Al filo del inicio de la veda electoral de cara a las Primarias Abiertas, Simultáneas y Obligatorias (PASO) del próximo domingo, el precandidato presidencial de Consenso Federal, Roberto Lavagna, cerró este jueves (08/08) su campaña con un acto en el Centro Miguelete, en el partido bonaerense de San Martín, junto a su compañero de fórmula, Juan Manuel Urtubey.

El ex ministro aseguró que a Consenso Federal “no nos quieren porque luchamos en contra de la grieta” y llamó a decir “no a los malos de ahora y a los malos de antes”.

“Estamos a 72 horas de las PASO. Creo que lo primero que debemos hacer es una constatación: aquí están las Paso y aquí está Consenso Federal. Ustedes saben las dificultades que hemos tenido: no nos quieren porque luchamos en contra de la grieta”, comenzó el economista.

Y continuó: “Estamos acá para ratificar plenamente nuestra propuesta inicial: sí al diálogo, a la búsqueda de consensos, a la decisión de formar un gobierno de unidad nacional.

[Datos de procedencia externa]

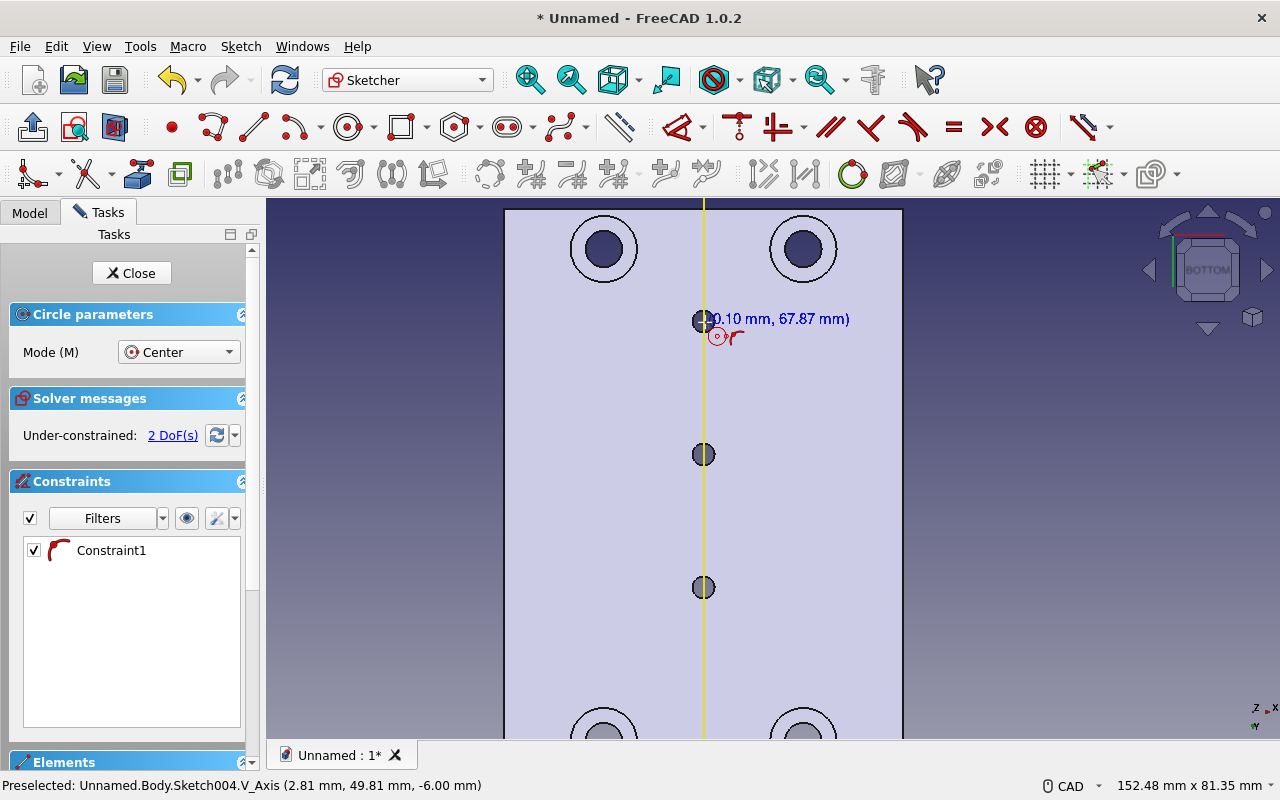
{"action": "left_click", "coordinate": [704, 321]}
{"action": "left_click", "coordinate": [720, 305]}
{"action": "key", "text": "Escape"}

No a los malos de antes ni a los de ahora que han decepcionado al pueblo argentino”.

El precandidato a presidente sostuvo que “en lo político institucional” va a “luchar en contra del ‘toma todo'” de quienes “cuando llegan al Gobierno creen que pueden tomar el poder, todo el poder y para siempre”.

En ese sentido, prometió “trabajar para empoderar al Congreso de la Nación, para que tenga un papel mucho más claro y decisivo”.

“En el plano económico, se volverá a poner plata en el bolsillo de los argentinos, porque lo que les han sacado en los últimos años a los trabajadores y jubilados no fue poco”, prometió el economista.

“El país está en una recesión muy dura que le está sacando lágrimas al pueblo argentino”, expresó. Al mismo tiempo dijo que “hay que volver a ponerle plata a la gente en el bolsillo” y “devolverles lo que le quitaron estos cuatro años”.

Lavagna abogó por reactivar el consumo porque, afirmó, eso es lo que va a reactivar a la industria y el comercio. “Cuando se mueve el consumo, se mueve la inversión, se crea trabajo, y eso es lo que necesita la Argentina hoy”, dijo. Además, aseguró que el país está en condiciones de crecer a tasas del 4% durante varios años.

Sobre el tramo final de su discurso, Lavagna se mostró emocionado cuando agradeció a sus padres “que ya no están”, lo que provocó la reacción de sus seguidores que lo aplaudieron mientras se escuchaba la canción patria Aurora.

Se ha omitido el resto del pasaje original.